Non-Relational Databases Are on the Rise

As the data organizations manage and produce grows increasingly complex, non-relational databases have become a preferred solution for storing, querying, and analyzing a large volume of data. Sometimes referred to as NoSQL (short for Not Only SQL) databases, non-relational databases are a popular alternative to the more typical relational database models that use SQL for simple data queries in column- and row-style tables.

Non-relational databases are best for big data

Non-relational databases are used for “big data” needs and real-time applications that generate diverse types of data. This unstructured data includes images, videos, social media posts, and documents — formats that prove challenging for a classic SQL-based database. SQL queries require more structured columns of data or numbers. However, large volumes of data or different data formats (images, social media posts) don’t fit in these classic spreadsheet columns — requiring a more non-relational database approach. As big data has become more complex and varied, non-relational databases are on the rise as the preferred choice for organizations. But what are the non-relational databases out there and how can you choose the best one for your project?

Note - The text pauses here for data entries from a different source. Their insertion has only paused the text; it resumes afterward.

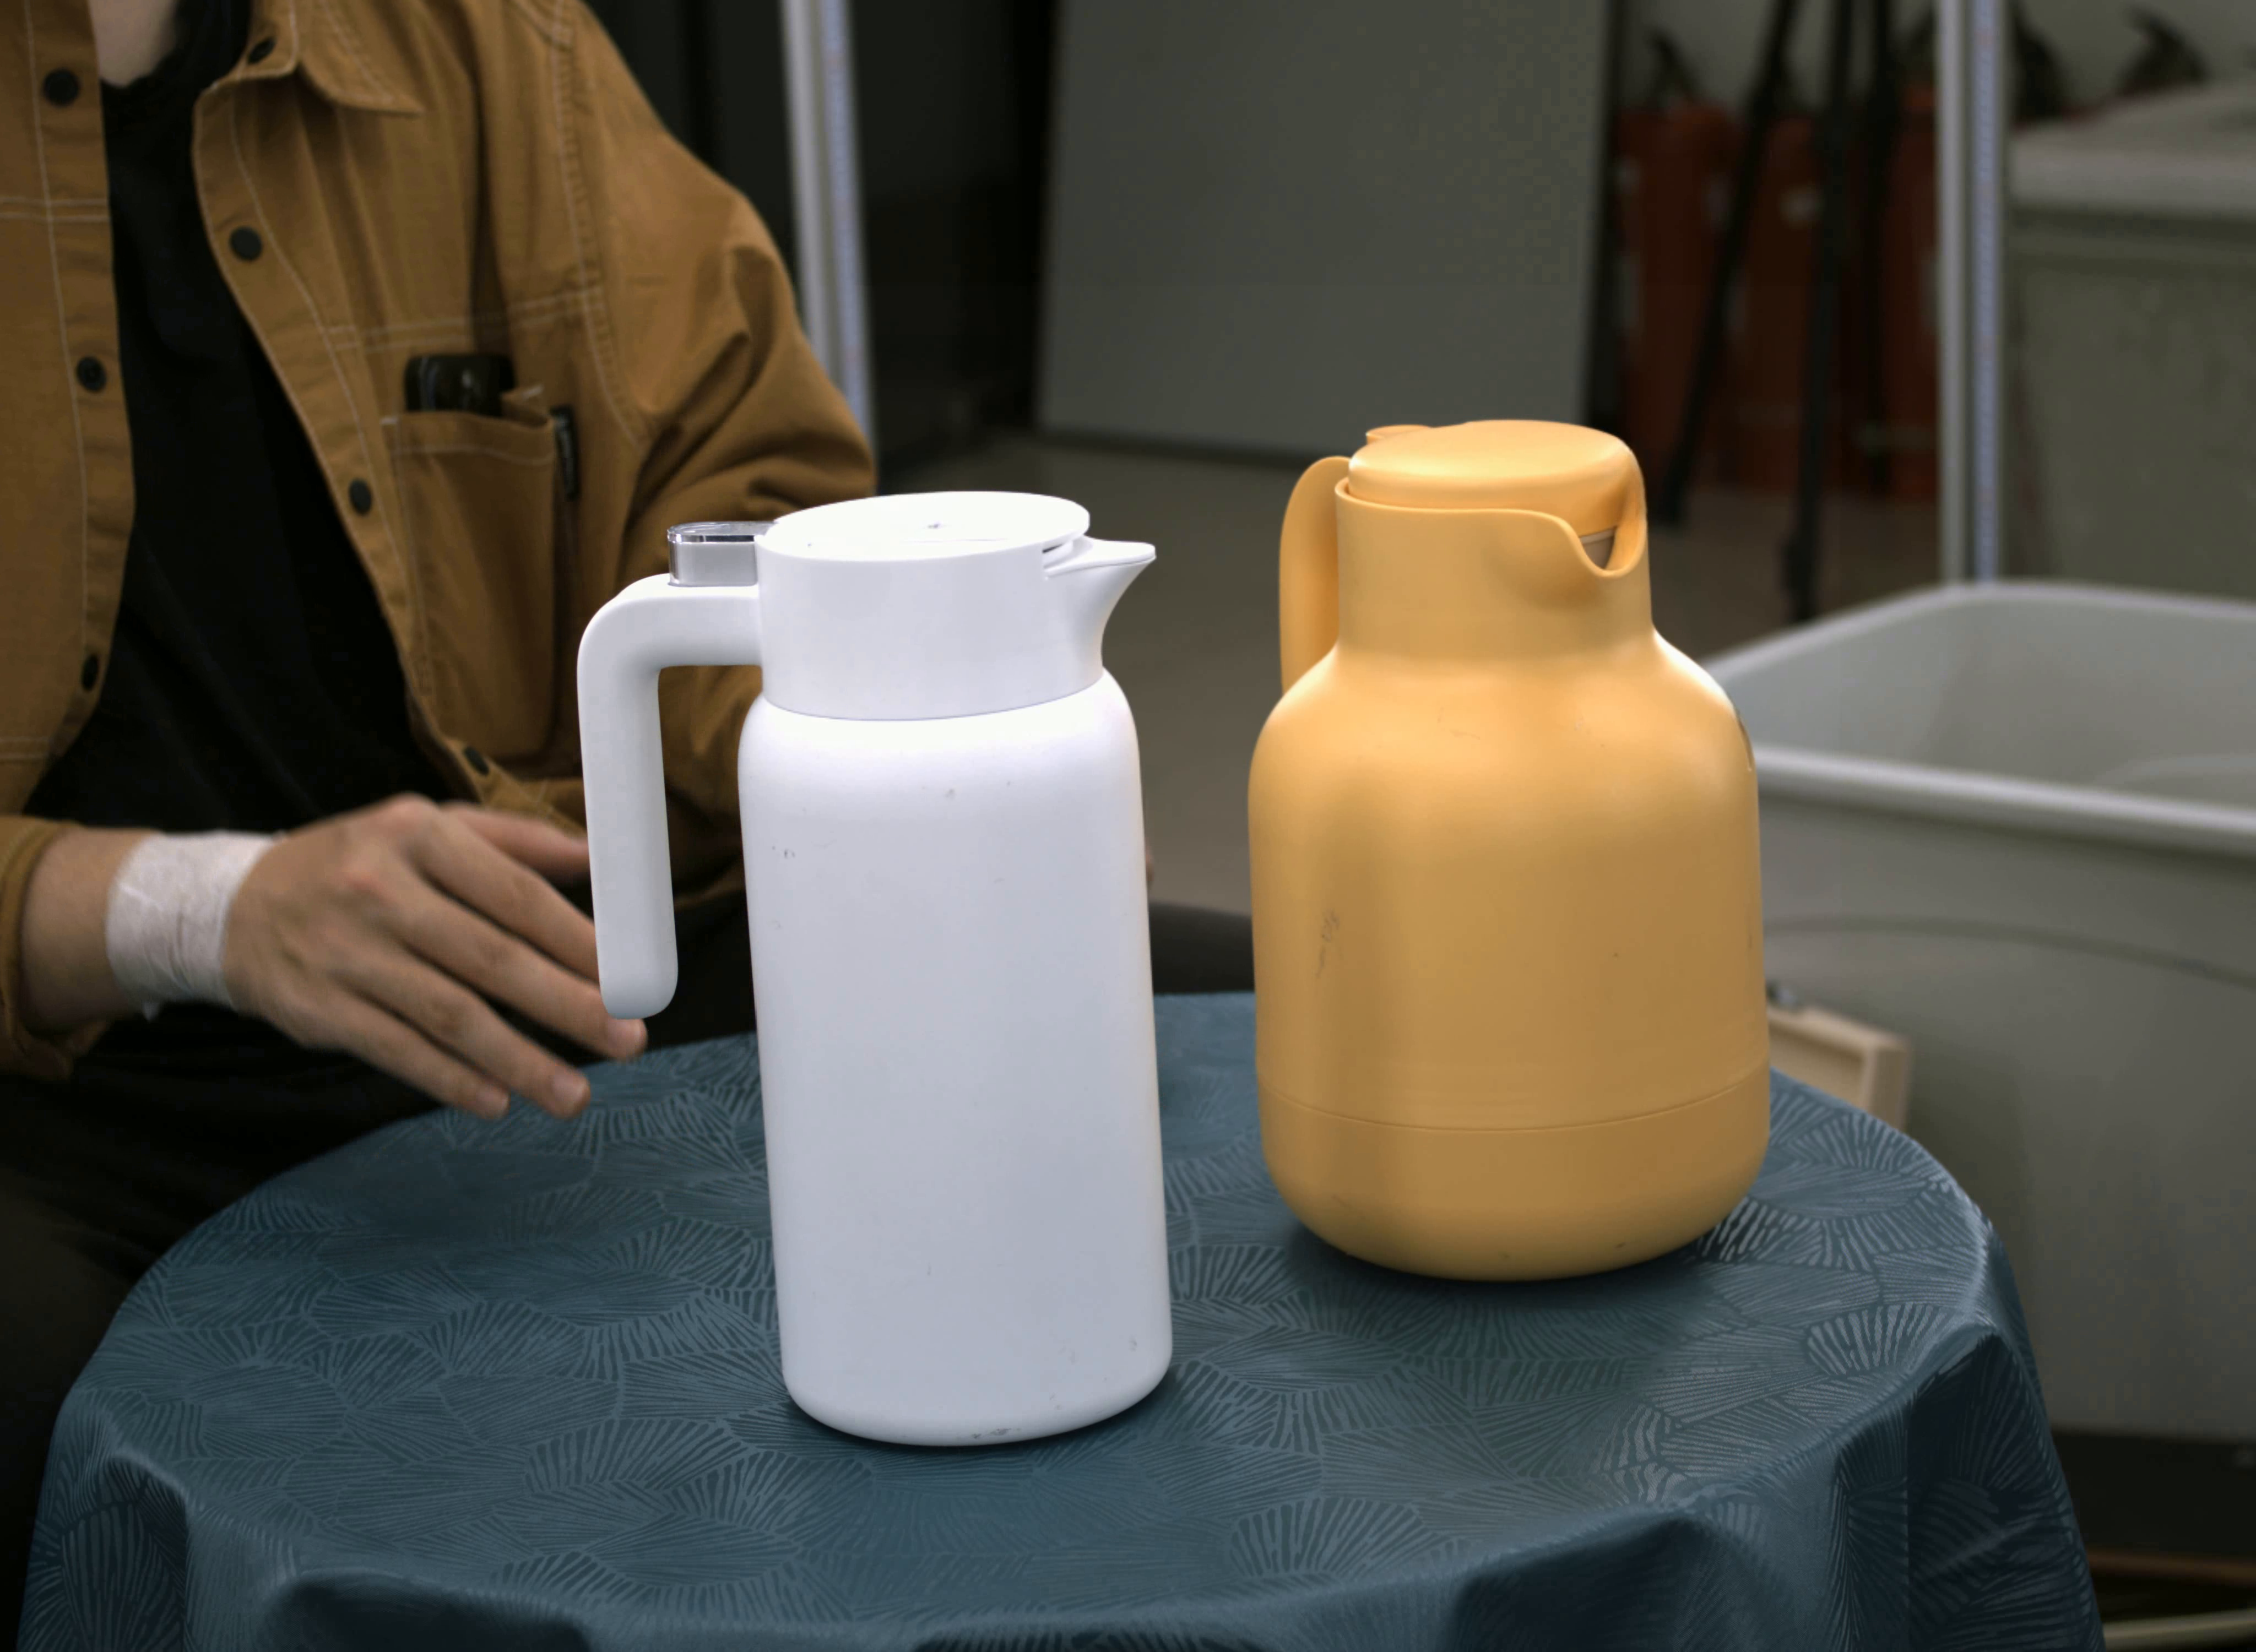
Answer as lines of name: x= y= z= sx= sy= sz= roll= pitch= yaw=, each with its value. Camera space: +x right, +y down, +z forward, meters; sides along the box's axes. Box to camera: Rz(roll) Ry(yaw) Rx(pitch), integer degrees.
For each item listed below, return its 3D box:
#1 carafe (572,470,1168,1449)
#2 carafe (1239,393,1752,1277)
carafe: x=-0.070 y=0.038 z=1.571 sx=0.171 sy=0.272 sz=0.123 roll=-1 pitch=15 yaw=11
carafe: x=0.107 y=-0.005 z=1.698 sx=0.160 sy=0.263 sz=0.204 roll=-6 pitch=15 yaw=-22

Types of non-relational databases

Non-relational database solutions are usually classified within four categories. Data infrastructure teams should analyze which option will best serve their data schema rather than try to rebuild data systems around an inflexible solution. These categories include:

Document store

This is the most common of the four categories, and the data is represented in document collections, usually JSON documents. These documents are “filed” in the database and can contain any amount and type of data. There are no constraints for the data contained in these documents. Examples of document stores include MongoDB and Elasticsearch.

Column store

This category is used to store big data across several data sets. It has similarities to relational databases as its structure supports SQL-style queries, but the columnar structure makes it possible to create highly optimized tables for specific kinds of queries. Examples of column-oriented systems include Amazon Redshift and Google BigQuery.

Graph store

A graph store manages data about network systems, which can grow to several terabytes of data. They’re optimized for querying data that’s organized into nodes and edges (which connect nodes), such as connections between friends in a social network. These are highly specialized systems; examples include Oracle’s “Oracle Spatial and Graph” product and Amazon Neptune.

Key-value store

The key-value stores a key, which is the identifier for the value. Data is looked up using the key or the value. There are no constraints with the data because you simply have key-value pairs for each element. It’s ideal for large-scale applications with queries structured to quickly return specific information for a user, item, or entity. If the value retrieved is a document, then a key-value store may also be classified as a document store. If metadata is associated with the documents, it may also be described as an object store. Key-value examples include Redis, Dynamo, and MemcacheDB.

3 popular non-relational database management systems

Thanks to the global growth of unstructured data, plenty of non-relational database options are available from relatively newer vendors to legacy companies with decades of big data experience.

1. MongoDB

Launched in 2008 as the “next-generation database,” MongoDB is a document-oriented database model. Companies like Bosch, Coinbase, Barclays, and Infosys use MongoDB to manage large quantities of unstructured data. Objects within MongoDB are defined by the user and organized into any sort of hierarchy the user desires. If you aren’t sure of the scale and type of data your application will be using, choose MongoDB for its flexibility.

Pros: MongoDB offers an expressive object model allowing users to index structured data efficiently and secondary indexes to query it more flexibly.

Cons: Some downtime may be experienced in the event of a node failure.

2. Cassandra

Released in 2008 by Apache, Cassandra is a column store used by companies like Apple, Intuit, Microsoft, and Netflix. It uses CQL, a proprietary query language similar to SQL. Though it has similarities to relational databases, Cassandra offers greater flexibility and scalability.

Pros: Cassandra has high availability, meaning the data stored within it will remain available even if a failure, like a hardware malfunction, were to occur.

Cons: The column structure does not offer the flexibility of MongoDB’s object model.

3. HBase

Apache’s HBase is another example of a column store non-relational database. It runs on top of Hadoop and HDFS (Hadoop Distributed File System) and is often referred to as the Hadoop database. With HBase, you can query records while viewing analytics reports across massive data sets.

Pros: Tight integration with Hadoop clusters. Its columnar nature makes it a good fit for quickly serving requests of a known structure.

Cons: Some downtime may be experienced in the event of a node failure.

While non-relational databases have grown in popularity over the last decade to process data generated with smartphones and Internet of Things (IoT) devices, relational databases remain an important piece of data architecture, especially when processing sensitive customer data. In fact, relational and non-relational databases can work together within a company’s data infrastructure to offset the other’s shortcomings. Structured data will often be stored in a relational system for offline business intelligence analysis. Data needed to support real-time applications can be exported into a non-relational database as needed by a website or application.